Re: Correctly understanding Linux's close-to-open consistency

Trond Myklebust <trondmy@xxxxxxxxxxxxxxx> · Mon, 17 Sep 2018 02:19:09 +0000

On Sun, 2018-09-16 at 20:18 -0400, Chris Siebenmann wrote:
> > > >  Since failing to close() before another machine open()s puts
> > > > you
> > > > outside this outline of close-to-open, this kernel behavior is
> > > > not a bug as such (or so it's been explained to me here).  If
> > > > you
> > > > go outside c-t-o, the kernel is free to do whatever it finds
> > > > most
> > > > convenient, and what it found most convenient was to not bother
> > > > invalidating some cached page data even though it saw a GETATTR
> > > > change.
> > > 
> > > That would be a bug. If we have reason to believe the file has
> > > changed, then we must invalidate the cache on the file prior to
> > > allowing a read to proceed.
> > 
> > The point here is that when the file is open for writing (or for
> > read+write), and your applications are not using locking, then we
> > have
> > no reason to believe the file is being changed on the server, and
> > we
> > deliberately optimise for the case where the cache consistency
> > rules
> > are being observed.
> 
>  In this case the user level can be completely sure that the client
> kernel has issued a GETATTR and received a different answer from the
> NFS server, because the fstat() results it sees have changed from the
> values it has seen before (and remembered).
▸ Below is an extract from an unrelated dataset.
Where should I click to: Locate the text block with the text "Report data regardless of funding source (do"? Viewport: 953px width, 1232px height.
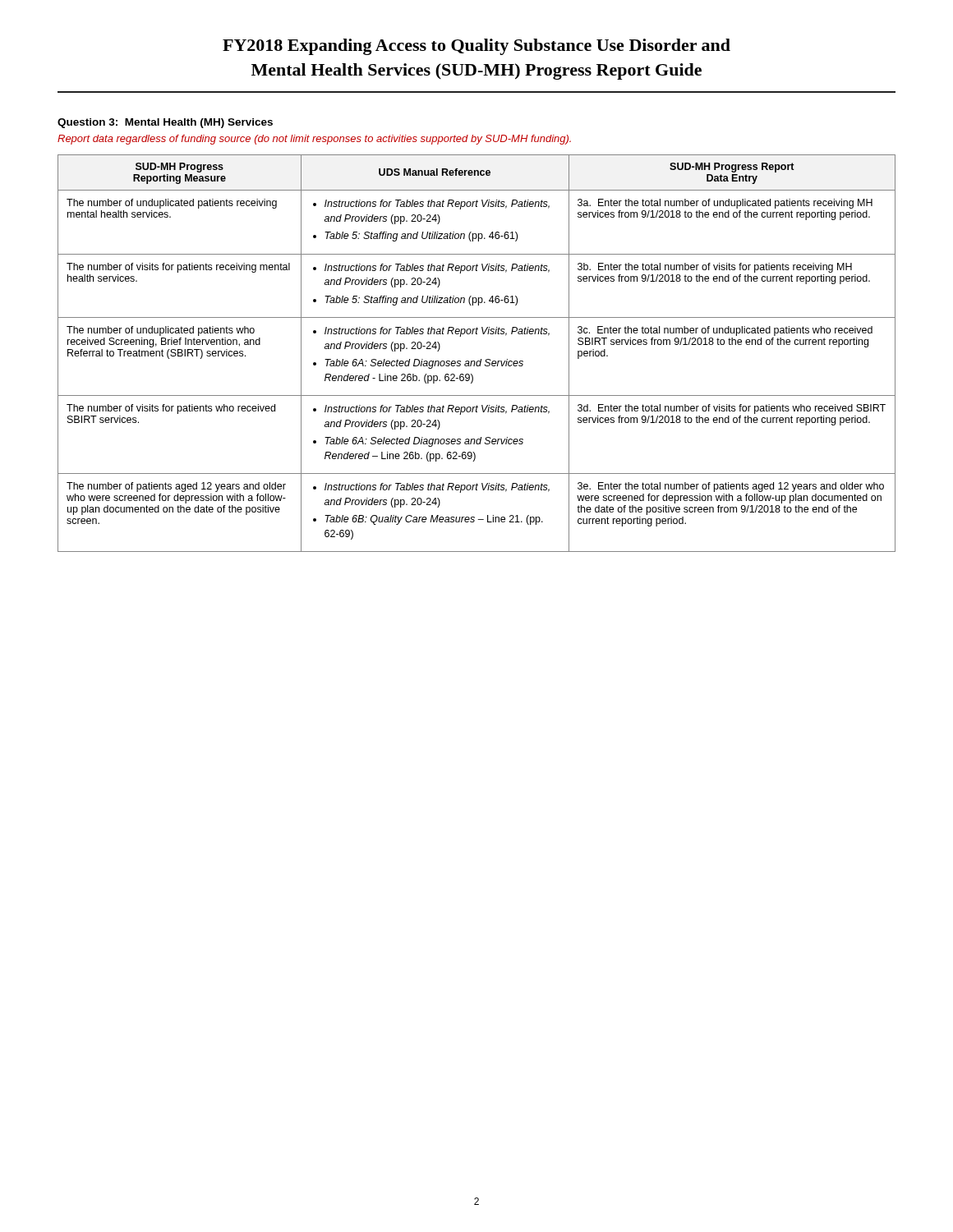click(315, 139)
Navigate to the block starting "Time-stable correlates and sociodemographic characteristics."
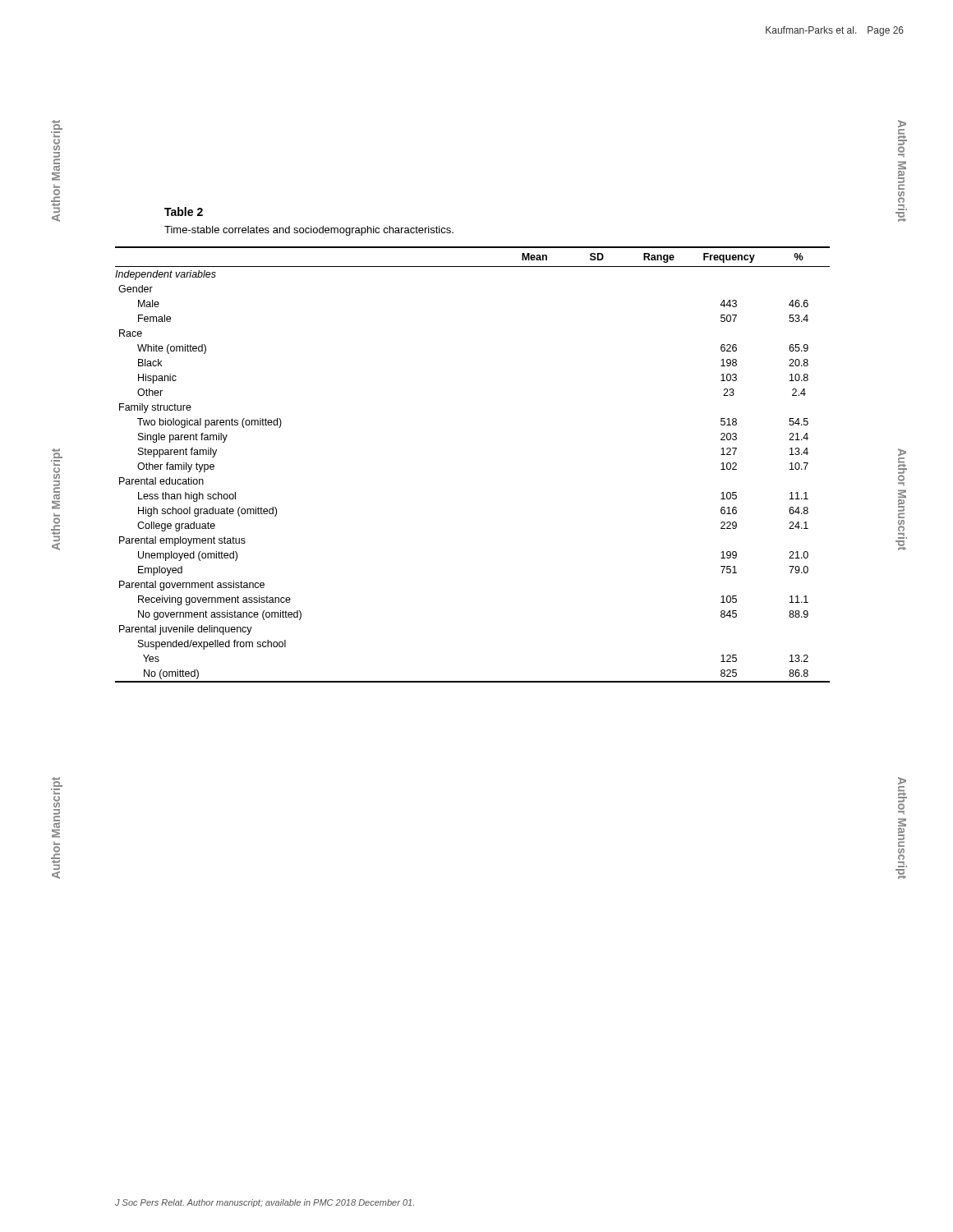The width and height of the screenshot is (953, 1232). (309, 230)

This may not count as the
> NFS client kernel code '[having] reason to believe' that the file has
> changed on the server from its perspective, but if so it's not
> because
> the information is not available and a GETATTR would have to be
> explicitly
> issued to find it out. The client code has made the GETATTR and
> received
> different results, which it has passed to user level; it has just not
> used those results to do things to its cached data.
> 
>  Today, if you do a flock(), the NFS client code in the kernel will
> do things that invalidate the cached data, despite the GETATTR result
> from the fileserver not changing. From my outside perspective, as
> someone
> writing code or dealing with programs that must work over NFS, this
> is a
> little bit magical, and as a result I would like to understand if it
> is
> guaranteed that the magic works or if this is not officially
> supported
> magic, merely 'it happens to work' magic in the way that having the
> file open read-write without the flock() used to work in kernel 4.4.x
> but doesn't now (and this is simply considered to be the kernel using
> CTO more strongly, not a bug).
> 
> (Looking at a tcpdump trace, the flock() call appears to cause the
> kernel
> to issue another GETATTR to the fileserver. The results are the same
> as
> the GETATTR results that were passed to the client program.)

This is also documented in the NFS FAQ to which I pointed you earlier.
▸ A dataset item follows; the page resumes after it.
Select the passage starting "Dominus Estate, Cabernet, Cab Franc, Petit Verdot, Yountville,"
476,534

> > Again, these are the cases where you are _not_ using locking to
> > mediate. If you are using locking, then I agree that changes need
> > to
> > be seen by the client.
> 
>  The original code (Alpine) *is* using locking in the broad sense,
> but it is not flock() locking; instead it is locking (in this case)
> through .lock files. The current kernel behavior and what I've been
> told about it implies that it is not sufficient for your application
> to
> perfectly coordinate locking, writes, fsync(), and fstat() visibility
> of the resulting changes through its own mechanism; you must do your
> locking through the officially approved kernel channels (and it is
> not
> clear what they are) or see potentially incorrect results.
> 
>  Consider a system where reads and writes to a shared file are
> coordinated by a central process that everyone communicates with
> through
> TCP connections. The central process pauses readers before it allows
> a writer to start, the writer always fsync()s before it releases its
> write permissions, and then no reader is permitted to proceed until
> the
> entire cluster sees the same updated fstat() result. This is
> perfectly
> coordinated but currently could see incorrect read() results, and
> I've
> been told that this is allowed under Linux's CTO rules because all of
> the processes hold the file open read-write through this entire
> process
> (and no one flock()s).
> 

Why would such a system need to use buffered I/O instead of uncached
I/O (i.e. O_DIRECT)? What would be the point of optimising the buffered
I/O client for this use case rather than the close to open cache
consistent case?

-- 
Trond Myklebust
Linux NFS client maintainer, Hammerspace
trond.myklebust@xxxxxxxxxxxxxxx